【石成友通/岩成友通】三好政権の出世頭となった三好三人衆の一角

石成友通/岩成友通(いわなりともみち)は、織田信長に先立つ初代天下人といわれる三好長慶に奉行人として見いだされ、実力中心主義であった三好政権において政権中枢を担うまでにのし上がった武将です。

三好長慶死後は、三好宗渭・三好宗渭と共に3人で三好政権を実質上支配したことから、三好三人衆の1人とも言われます。

大勢力を誇った三好政権でしたが、三好長慶死後に三好三人衆と松永久秀との間で内紛を起こしたため、その隙をつき、足利義昭を奉じて上洛した織田信長に権力の全てを奪われました。

その後、一旦は織田信長に臣従したものの、最終的には織田信長の下から離反し、その後の戦いに敗れて討ち取られるという悲しい最期を迎えています。

本稿では、この三好政権の出世頭とも言える石成友通の人生について見ていきたいと思います。

石成友通の出自

石成友通の出自については、生年・出生地・父母などを含めて、現時点でほぼ何もわかっていません。

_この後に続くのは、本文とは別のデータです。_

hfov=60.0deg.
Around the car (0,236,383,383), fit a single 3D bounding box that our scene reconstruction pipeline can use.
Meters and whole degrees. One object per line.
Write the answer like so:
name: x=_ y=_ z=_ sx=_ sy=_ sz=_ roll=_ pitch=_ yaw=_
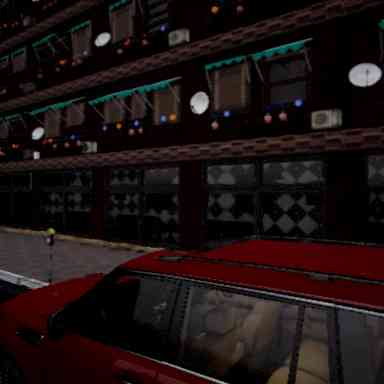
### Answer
car: x=0.274 y=1.314 z=2.675 sx=5.009 sy=1.841 sz=2.192 roll=0 pitch=0 yaw=36
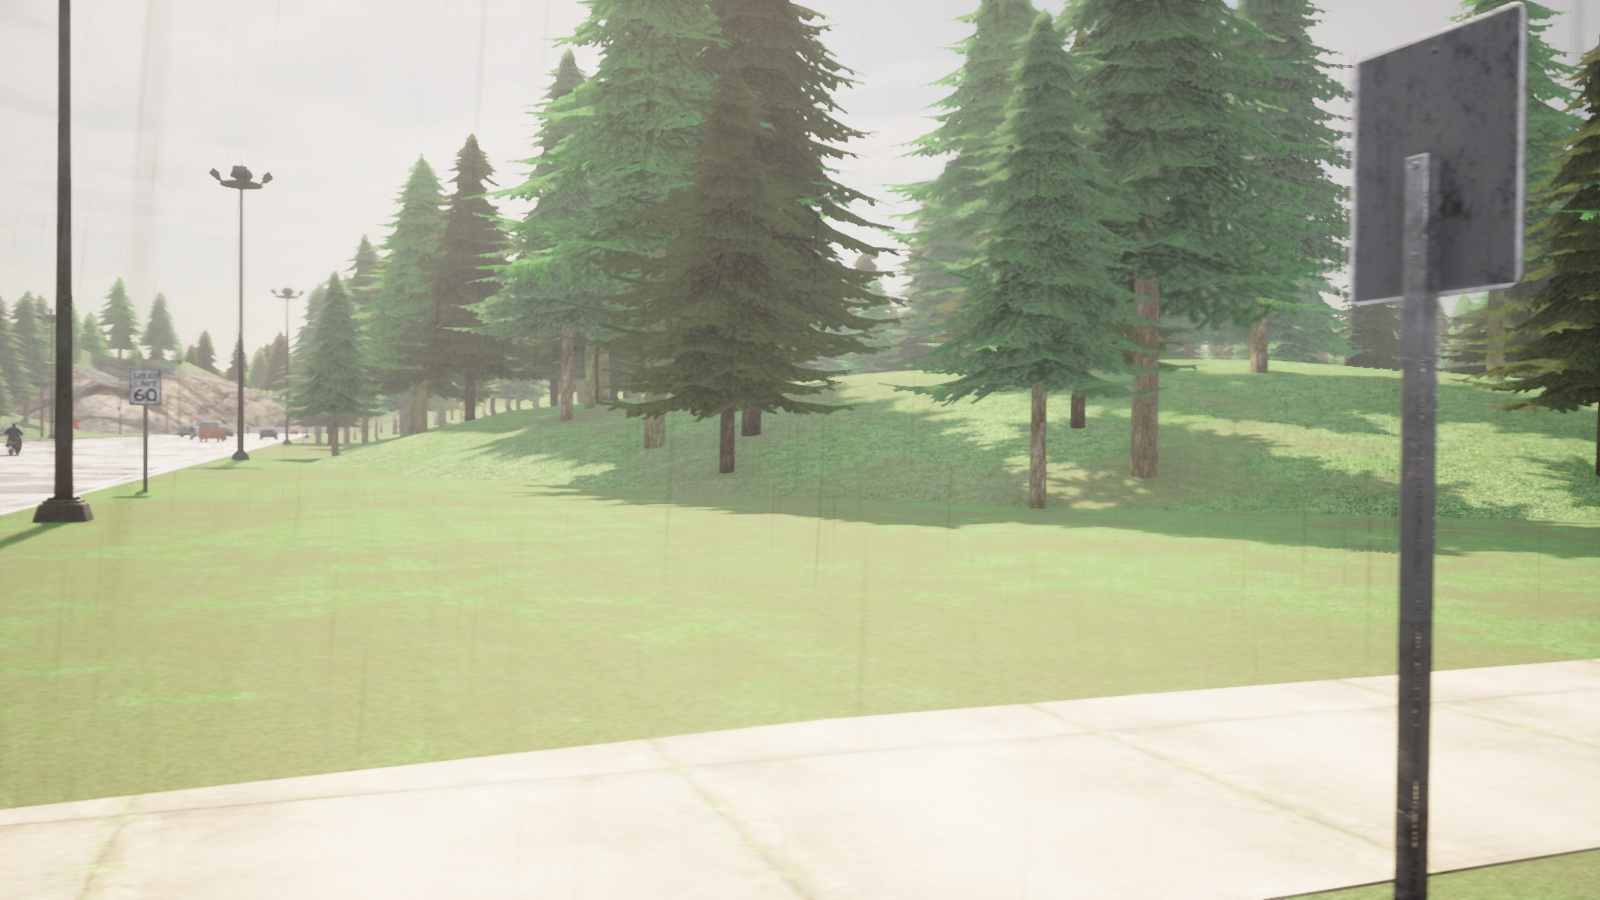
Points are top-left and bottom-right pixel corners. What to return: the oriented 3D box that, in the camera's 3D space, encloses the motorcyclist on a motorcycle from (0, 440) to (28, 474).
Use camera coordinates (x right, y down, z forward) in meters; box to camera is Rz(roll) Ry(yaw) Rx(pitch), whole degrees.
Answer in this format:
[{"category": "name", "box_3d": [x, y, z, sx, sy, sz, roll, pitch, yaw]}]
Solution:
[{"category": "motorcyclist on a motorcycle", "box_3d": [-37.925, 0.316, 60.481, 0.866, 1.590, 1.817, -1, 1, -20]}]
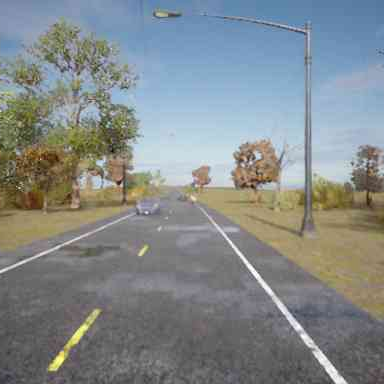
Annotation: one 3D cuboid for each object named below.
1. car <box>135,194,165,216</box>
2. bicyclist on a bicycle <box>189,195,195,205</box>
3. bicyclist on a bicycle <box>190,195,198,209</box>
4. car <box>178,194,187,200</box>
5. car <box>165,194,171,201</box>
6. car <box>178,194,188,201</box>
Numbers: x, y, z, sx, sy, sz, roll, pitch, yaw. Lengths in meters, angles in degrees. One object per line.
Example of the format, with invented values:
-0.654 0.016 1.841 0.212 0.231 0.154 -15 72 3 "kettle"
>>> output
-3.989 1.215 31.085 2.097 1.767 4.553 0 0 -1 "car"
-0.037 1.205 51.608 0.866 1.612 1.509 0 0 -2 "bicyclist on a bicycle"
0.290 1.251 41.555 0.866 1.612 1.509 0 0 -2 "bicyclist on a bicycle"
-2.330 1.189 79.377 1.994 1.385 4.181 0 0 -3 "car"
-5.426 1.178 71.487 1.994 1.385 4.181 0 0 -3 "car"
-1.809 1.190 69.560 2.128 1.511 4.902 0 0 -2 "car"
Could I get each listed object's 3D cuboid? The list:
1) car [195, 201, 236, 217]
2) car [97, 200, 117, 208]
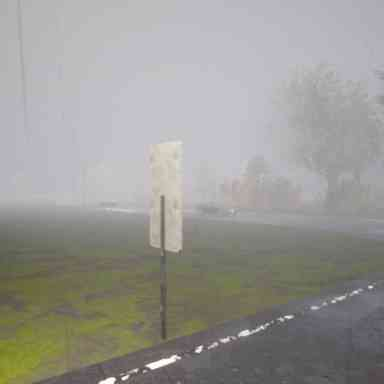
[{"bbox_3d":[2.342,1.675,33.431,2.128,1.511,4.902,0,0,-38],"label":"car"},{"bbox_3d":[-14.129,1.953,55.221,1.895,1.301,4.718,0,0,-36],"label":"car"}]
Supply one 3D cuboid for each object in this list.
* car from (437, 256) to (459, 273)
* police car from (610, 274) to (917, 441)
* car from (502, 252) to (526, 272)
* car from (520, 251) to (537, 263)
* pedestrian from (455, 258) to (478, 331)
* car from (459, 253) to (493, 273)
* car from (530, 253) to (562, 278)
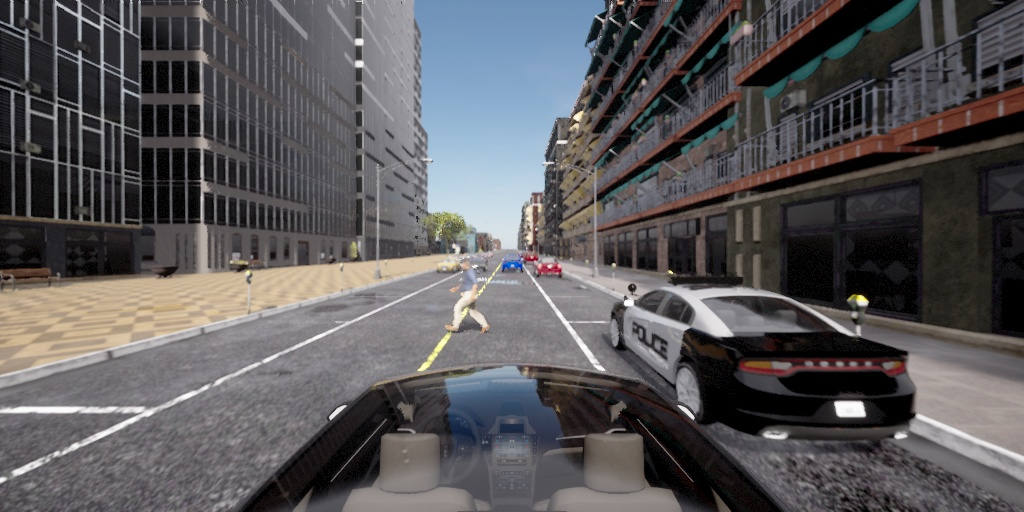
[{"bbox_3d":[-5.726,0.735,32.771,1.751,1.417,4.829,0,0,0],"label":"car"},{"bbox_3d":[2.996,1.106,5.763,1.930,1.638,5.238,0,1,0],"label":"police car"},{"bbox_3d":[0.051,0.666,34.164,1.882,1.535,5.008,0,1,0],"label":"car"},{"bbox_3d":[2.634,0.221,49.916,2.192,1.841,5.009,0,0,0],"label":"car"},{"bbox_3d":[-1.074,0.924,8.561,0.375,1.860,0.375,1,0,-3],"label":"pedestrian"},{"bbox_3d":[-3.129,0.709,32.483,2.128,1.511,4.902,0,1,0],"label":"car"},{"bbox_3d":[2.661,0.748,27.335,1.967,1.591,4.097,0,0,0],"label":"car"}]
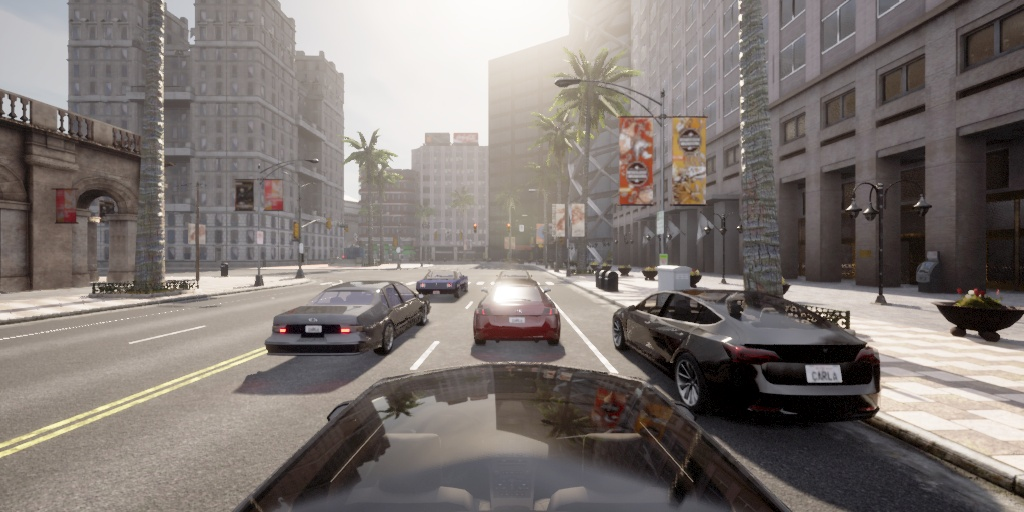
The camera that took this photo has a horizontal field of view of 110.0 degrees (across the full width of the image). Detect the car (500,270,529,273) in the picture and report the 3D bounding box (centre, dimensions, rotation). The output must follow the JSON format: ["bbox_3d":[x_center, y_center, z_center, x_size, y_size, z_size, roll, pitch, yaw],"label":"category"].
[{"bbox_3d":[0.117,1.351,18.336,1.895,1.301,4.718,0,0,0],"label":"car"}]

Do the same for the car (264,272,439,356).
[{"bbox_3d":[-3.395,1.297,8.649,2.033,1.411,5.357,0,0,0],"label":"car"}]

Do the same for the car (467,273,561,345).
[{"bbox_3d":[0.108,1.314,9.529,1.994,1.385,4.181,0,0,0],"label":"car"}]

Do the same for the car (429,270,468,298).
[{"bbox_3d":[-3.384,1.351,18.298,1.895,1.301,4.718,0,0,0],"label":"car"}]
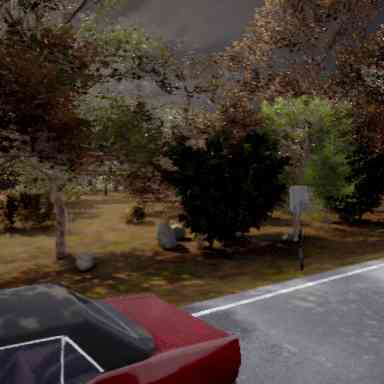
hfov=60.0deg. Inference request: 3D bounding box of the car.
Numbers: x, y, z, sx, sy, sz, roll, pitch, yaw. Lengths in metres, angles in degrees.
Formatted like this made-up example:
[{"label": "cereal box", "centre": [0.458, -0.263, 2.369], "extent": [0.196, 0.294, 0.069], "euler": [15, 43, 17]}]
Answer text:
[{"label": "car", "centre": [-1.924, 1.601, 2.608], "extent": [4.718, 1.301, 1.895], "euler": [0, 0, -35]}]
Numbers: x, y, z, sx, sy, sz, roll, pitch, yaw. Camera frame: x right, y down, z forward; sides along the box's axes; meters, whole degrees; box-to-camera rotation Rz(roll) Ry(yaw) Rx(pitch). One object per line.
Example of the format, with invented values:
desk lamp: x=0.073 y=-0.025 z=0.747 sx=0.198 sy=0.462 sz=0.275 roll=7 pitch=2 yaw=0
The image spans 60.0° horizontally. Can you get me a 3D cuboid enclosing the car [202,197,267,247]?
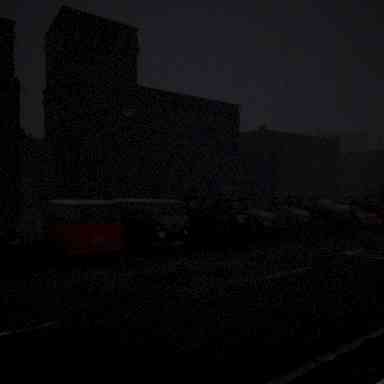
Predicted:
car: x=0.404 y=1.225 z=15.303 sx=2.435 sy=2.045 sz=5.566 roll=0 pitch=0 yaw=-35

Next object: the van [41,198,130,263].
van: x=-4.173 y=1.244 z=12.149 sx=1.878 sy=1.987 sz=4.442 roll=0 pitch=0 yaw=-35

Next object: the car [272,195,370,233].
car: x=7.123 y=1.244 z=20.024 sx=2.435 sy=2.045 sz=5.566 roll=0 pitch=0 yaw=-35

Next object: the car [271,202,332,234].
car: x=4.895 y=1.528 z=18.466 sx=2.002 sy=1.452 sz=4.674 roll=0 pitch=0 yaw=-35

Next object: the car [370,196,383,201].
car: x=11.719 y=1.261 z=23.371 sx=2.435 sy=2.045 sz=5.566 roll=0 pitch=0 yaw=-36

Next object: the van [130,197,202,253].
van: x=-1.776 y=1.246 z=13.571 sx=1.878 sy=1.987 sz=4.442 roll=0 pitch=0 yaw=-35

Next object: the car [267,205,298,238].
car: x=2.684 y=1.522 z=16.891 sx=2.002 sy=1.452 sz=4.674 roll=0 pitch=0 yaw=-35

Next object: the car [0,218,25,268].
car: x=-6.469 y=1.508 z=10.365 sx=2.002 sy=1.452 sz=4.674 roll=0 pitch=0 yaw=-35

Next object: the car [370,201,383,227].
car: x=9.363 y=1.500 z=21.884 sx=1.946 sy=1.575 sz=5.366 roll=0 pitch=0 yaw=-35
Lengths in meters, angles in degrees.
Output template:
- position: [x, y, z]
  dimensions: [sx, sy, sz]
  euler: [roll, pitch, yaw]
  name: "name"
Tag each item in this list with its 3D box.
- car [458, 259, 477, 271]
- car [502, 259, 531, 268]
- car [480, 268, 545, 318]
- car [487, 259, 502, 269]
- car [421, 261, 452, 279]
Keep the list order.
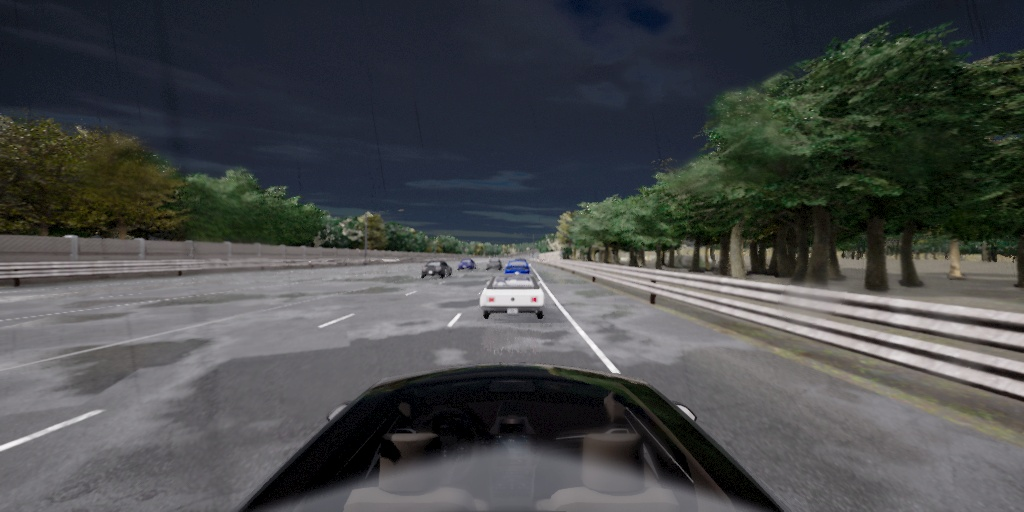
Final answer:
- position: [-5.776, 1.116, 46.575]
  dimensions: [1.812, 1.442, 4.674]
  euler: [0, 0, 2]
  name: "car"
- position: [0.487, 1.065, 28.335]
  dimensions: [1.882, 1.535, 5.008]
  euler: [0, 0, 2]
  name: "car"
- position: [0.053, 1.262, 12.454]
  dimensions: [1.895, 1.301, 4.718]
  euler: [0, 0, 1]
  name: "car"
- position: [-2.240, 1.098, 47.804]
  dimensions: [2.128, 1.511, 4.902]
  euler: [0, 0, 2]
  name: "car"
- position: [-6.348, 1.115, 30.520]
  dimensions: [1.812, 1.442, 4.674]
  euler: [0, 0, 2]
  name: "car"

石成友通の出自を記した資料が発見されていないのみならず、大出世を果たした人物でありながら親子兄弟などの親族に名を残した人物がいないため、それらの人物とのエピソードで推認することも困難なことがその理由です。

氏族である石成氏も、その地名として備後国・大和国・筑前国などに確認されており、そのルーツを辿ることはできていません。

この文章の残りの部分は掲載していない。